The best thing about the house wine comes in the form of sulfites, or lack thereof. Sulfites are preservatives that occur naturally in wine (in small amounts) and are also added chemically by most wine distilleries. Chemically-added sulfates are what give you a headache the morning after enjoying even one small glass of wine. While all bottled wines have this added preservative in them, Monestevole’s wine that is made and drunk onsite doesn’t contain any extra sulfites, leaving those who drink it headache-free the next day.
But this dedication to making biodynamic wine that is preservative-free comes at a large cost.
“The quickest way to make a small fortune is to take a big fortune and start making wine,” Filippo said, chuckling as he recounted the old Umbrian saying.
I looked at him with a clearly puzzled expression on my face.
“Anything we make here I can buy for cheaper,” he explained, “absolutely nothing we make here we make because it’s economically advantageous.”
Filippo says that the wine they make here in Monesevole costs around 7 euros a liter to produce, whereas they could buy a liter of similarly-made organic wine from their neighbors for only 2.5 euros – that’s a massive difference, especially considering the fact that they produce and drink over 1,500 liters a year here. To be specific, this massive difference is a difference of 6,750 euros every year. Hearing this, I was flabbergasted.
“So why do it?” I asked.
Filippo laughed.
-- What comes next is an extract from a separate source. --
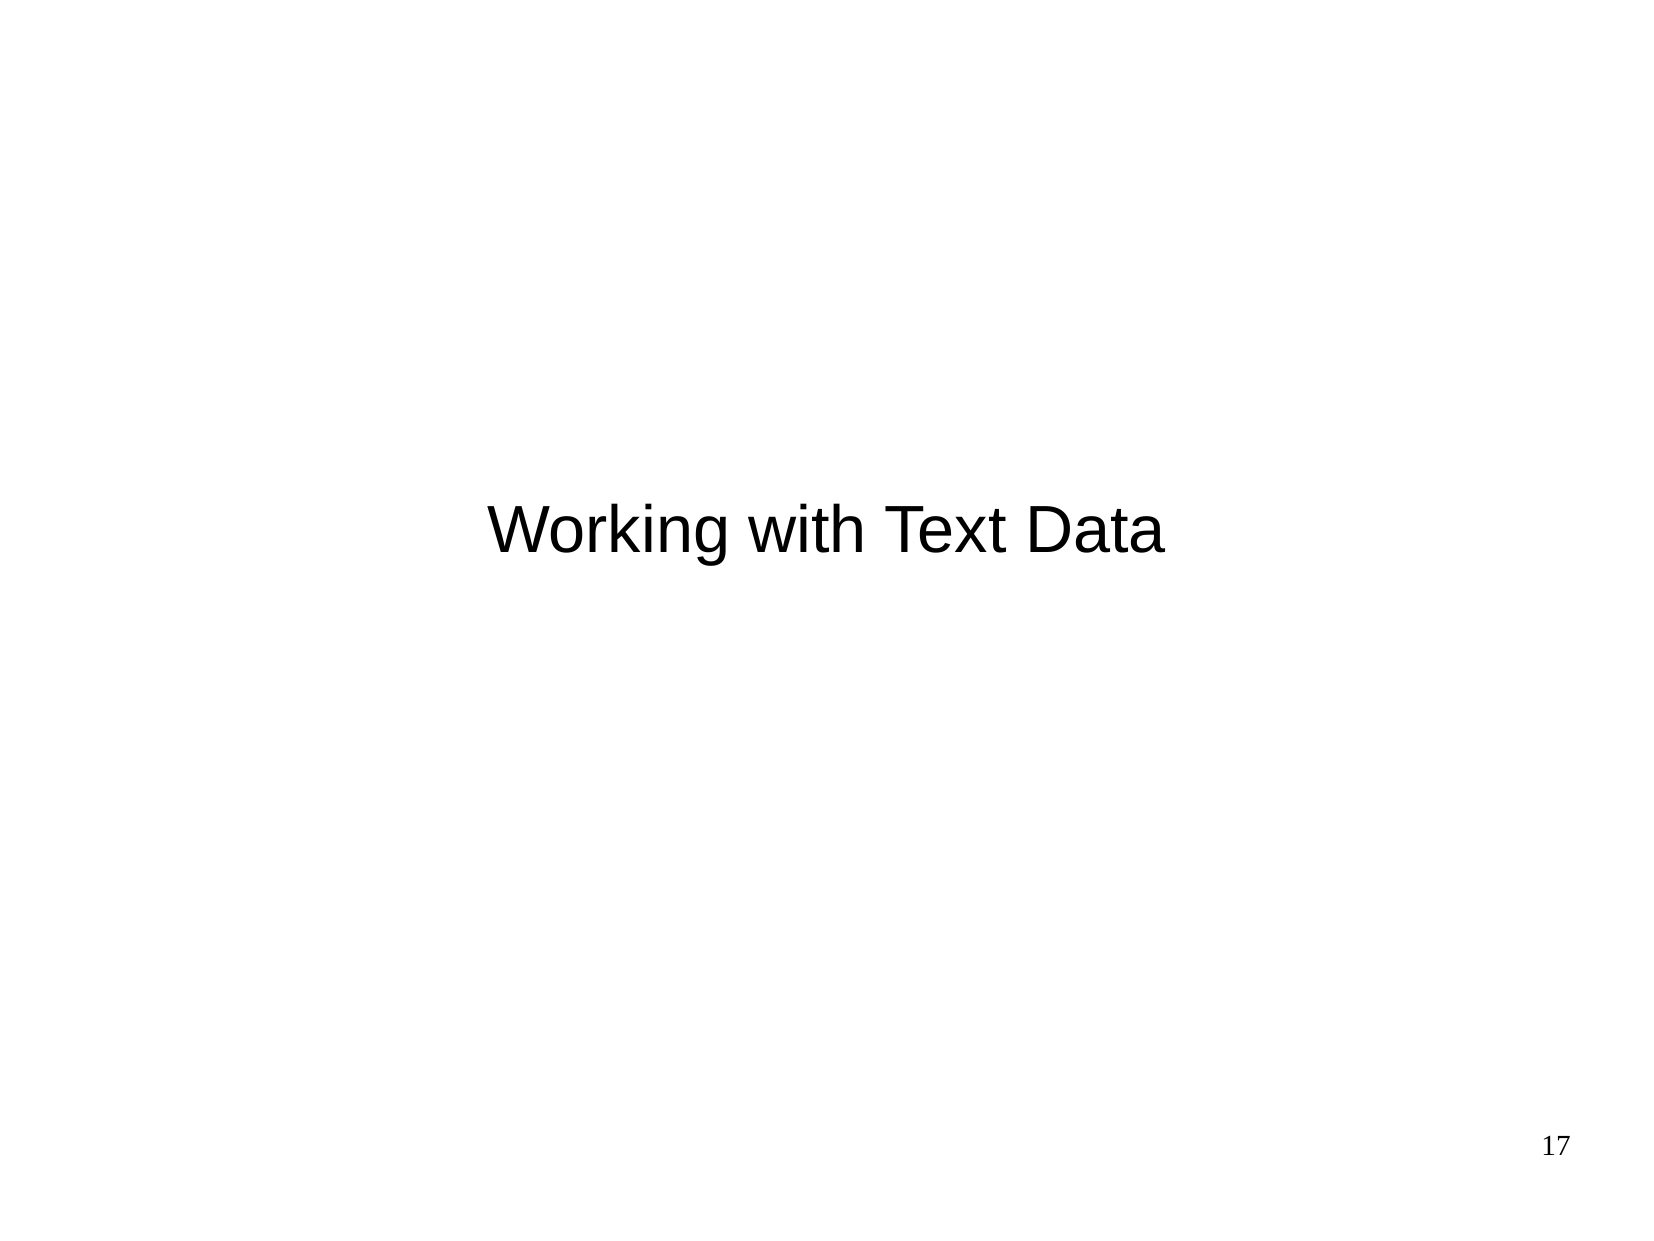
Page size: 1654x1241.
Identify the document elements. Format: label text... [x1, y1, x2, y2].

subtitle Working with Text Data [82, 49, 1571, 1010]
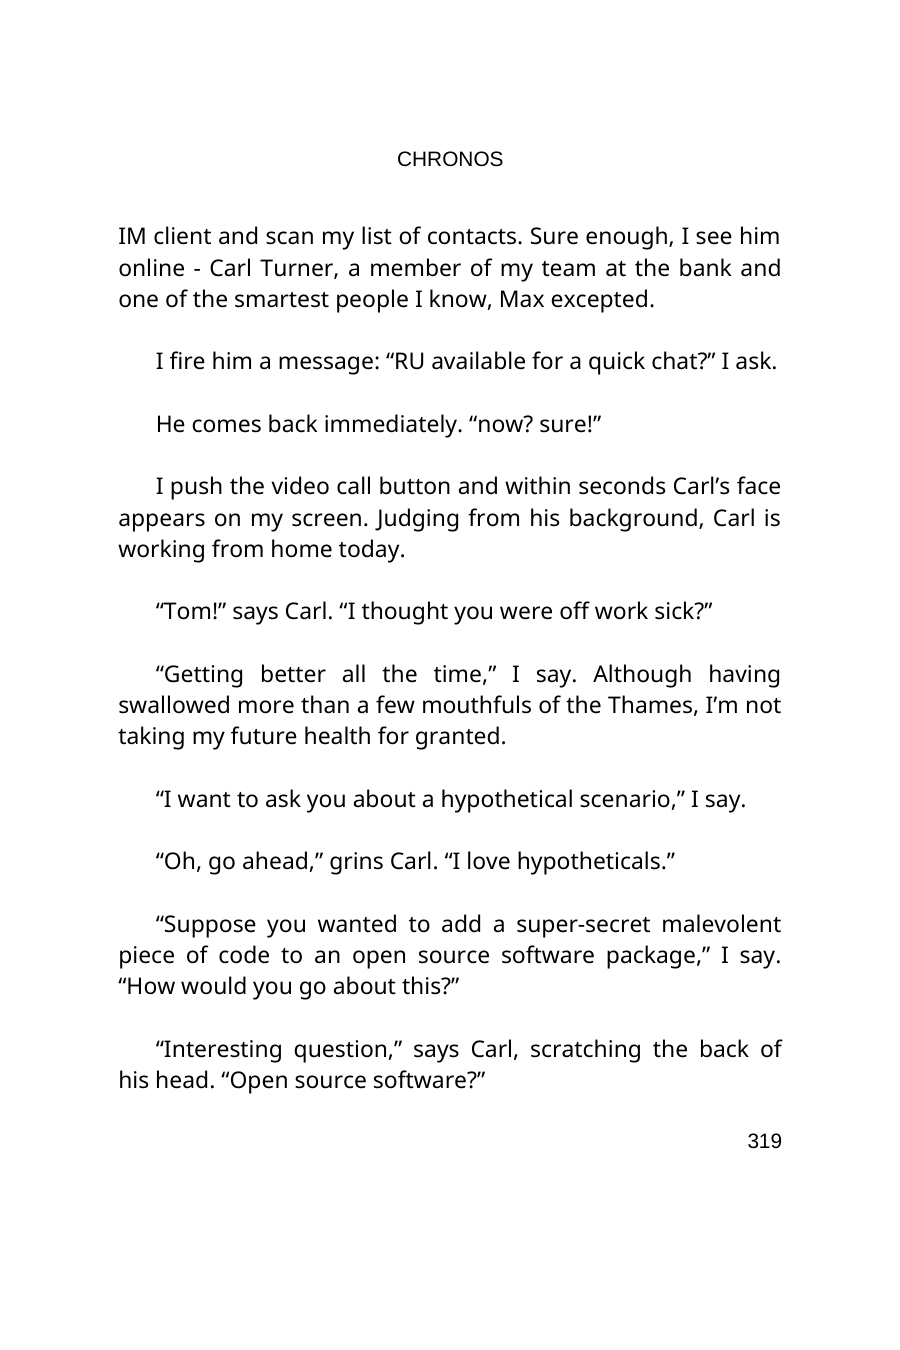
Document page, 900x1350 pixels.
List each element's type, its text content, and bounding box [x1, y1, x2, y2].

He gave me many reasons: students and visitors who come to Monestevole like to participate in the tradition of winemaking, it’s a fun process, it’s a tradition, it’s part of the experience of living and working on a farm in Italy. “I also took up the vineyard for my dad,” he recalled, explaining that his father wanted to produce wine once he retired. But no reason seemed as paramount in the decision to make wine as the fact that it was a heritage product, making it even more special.
“Anything else you want to know?” Filippo asked as we wrapped up the conversation.
I hesitated, then tentatively responded: “Is it good?”
He smiled knowingly. “Do you want to try?”
My ‘yes’ came fast. Filippo laughed, stood up to grab the clear glass bottle full of the deep red liquid, and poured me a small glass. He told me there was no way that I could do all this research about their wine without trying it.
“Saluté,” I said as our glasses touched.
“En vino veritas,” he replied, “In wine lies the truth.”
And, with that latin saying, the story was complete.
As I sat on an old wood bench and listened to Filippo’s excited Italian accent, full of laughter, tell me stories of wine and the disasters he’d encountered making it, I realized why TribeWanted spent thousands of euros and hours upon hours of intense physical labor every year in order to produce a beverage that could be bought for way cheaper.
Viticulture in Umbria, and in all of Italy, is as old as written history shows; it’s built into the land’s past. When Filippo bought this property, he also inherited the practice of winemaking. Around half of the grape plants in the vineyard were already here, some over 50 years old, just waiting to be harvested and turned into a rich vino. The tradition of making wine was something that TribeWanted simply had to continue – it’s just a part of having an organic farm in Italy. Filippo says that he’s uncertain if he would’ve picked up viticulture if he could go back and do it all over again, but somehow I find myself doubting him. Winemaking is one of Italy’s heritage products and, from the smiles on the faces of all the Monestevole staff as they sit around the table, chattering away and sipping the vino they made themselves, I don’t believe for a second that they would have it any other way.